+ memcg-also-test-for-skip-accounting-at-the-page-allocation-level.patch added to -mm tree

akpm@xxxxxxxxxxxxxxxxxxxx · Tue, 11 Jun 2013 14:08:16 -0700

Subject: + memcg-also-test-for-skip-accounting-at-the-page-allocation-level.patch added to -mm tree
To: glommer@xxxxxxxxx,glommer@xxxxxxxxxx,hannes@xxxxxxxxxxx,kamezawa.hiroyu@xxxxxxxxxxxxxx,mhocko@xxxxxxx
From: akpm@xxxxxxxxxxxxxxxxxxxx
Date: Tue, 11 Jun 2013 14:08:16 -0700


The patch titled
     Subject: memcg: also test for skip accounting at the page allocation level
has been added to the -mm tree.  Its filename is
     memcg-also-test-for-skip-accounting-at-the-page-allocation-level.patch

Before you just go and hit "reply", please:
   a) Consider who else should be cc'ed
   b) Prefer to cc a suitable mailing list as well
   c) Ideally: find the original patch on the mailing list and do a
      reply-to-all to that, adding suitable additional cc's

*** Remember to use Documentation/SubmitChecklist when testing your code ***

The -mm tree is included into linux-next and is updated
there every 3-4 working days

------------------------------------------------------
From: Glauber Costa <glommer@xxxxxxxxx>
Subject: memcg: also test for skip accounting at the page allocation level

The memory we used to hold the memcg arrays is currently accounted to the
current memcg.  But that creates a problem, because that memory can only
be freed after the last user is gone.  Our only way to know which is the
last user, is to hook up to freeing time, but the fact that we still have
some in flight kmallocs will prevent freeing to happen.  I believe
therefore to be just easier to account this memory as global overhead.


This patch (of 2):

Disabling accounting is only relevant for some specific memcg internal
allocations.  Therefore we would initially not have such check at
memcg_kmem_newpage_charge, since direct calls to the page allocator that
are marked with GFP_KMEMCG only happen outside memcg core.  We are mostly
concerned with cache allocations and by having this test at
memcg_kmem_get_cache we are already able to relay the allocation to the
root cache and bypass the memcg caches altogether.

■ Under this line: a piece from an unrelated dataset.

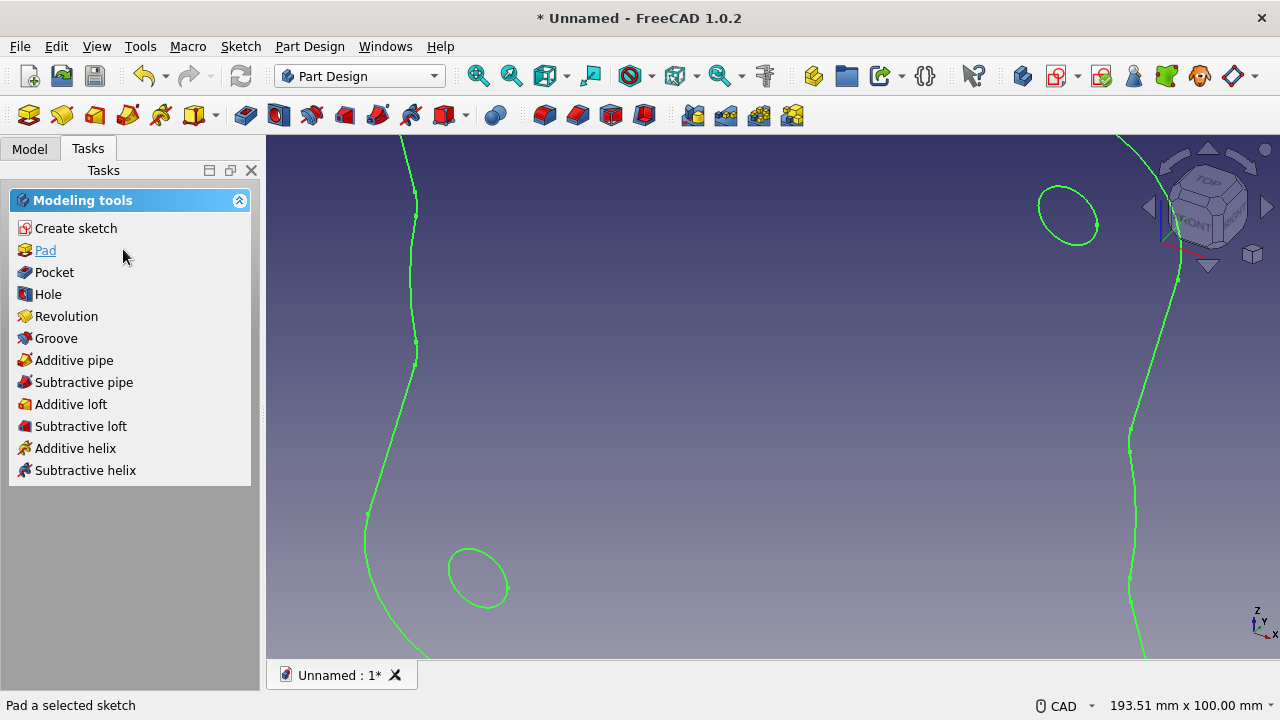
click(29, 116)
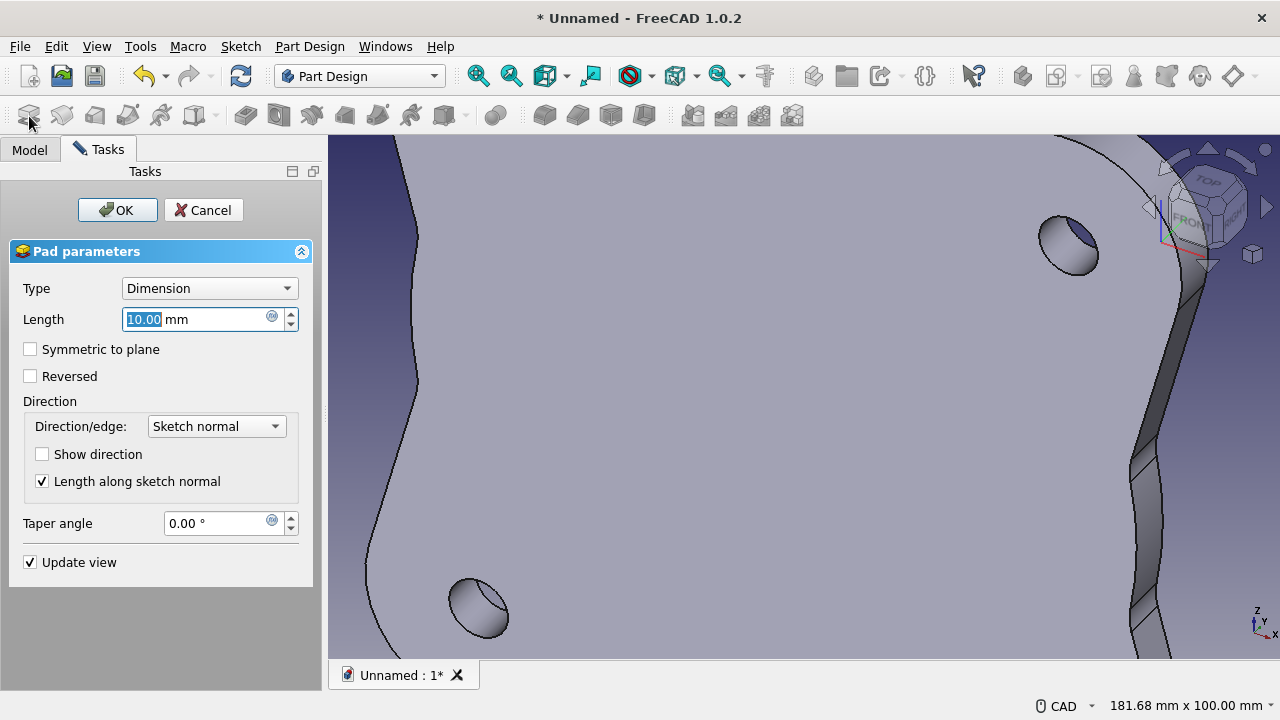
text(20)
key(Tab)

There is one exception, though: the SLUB allocator does not create large
order caches, but rather service large kmallocs directly from the page
allocator.  Therefore, the following sequence, when backed by the SLUB
allocator:

	memcg_stop_kmem_account();
	kmalloc(<large_number>)
	memcg_resume_kmem_account();

would effectively ignore the fact that we should skip accounting, since it
will drive us directly to this function without passing through the cache
selector memcg_kmem_get_cache.  Such large allocations are extremely rare
but can happen, for instance, for the cache arrays.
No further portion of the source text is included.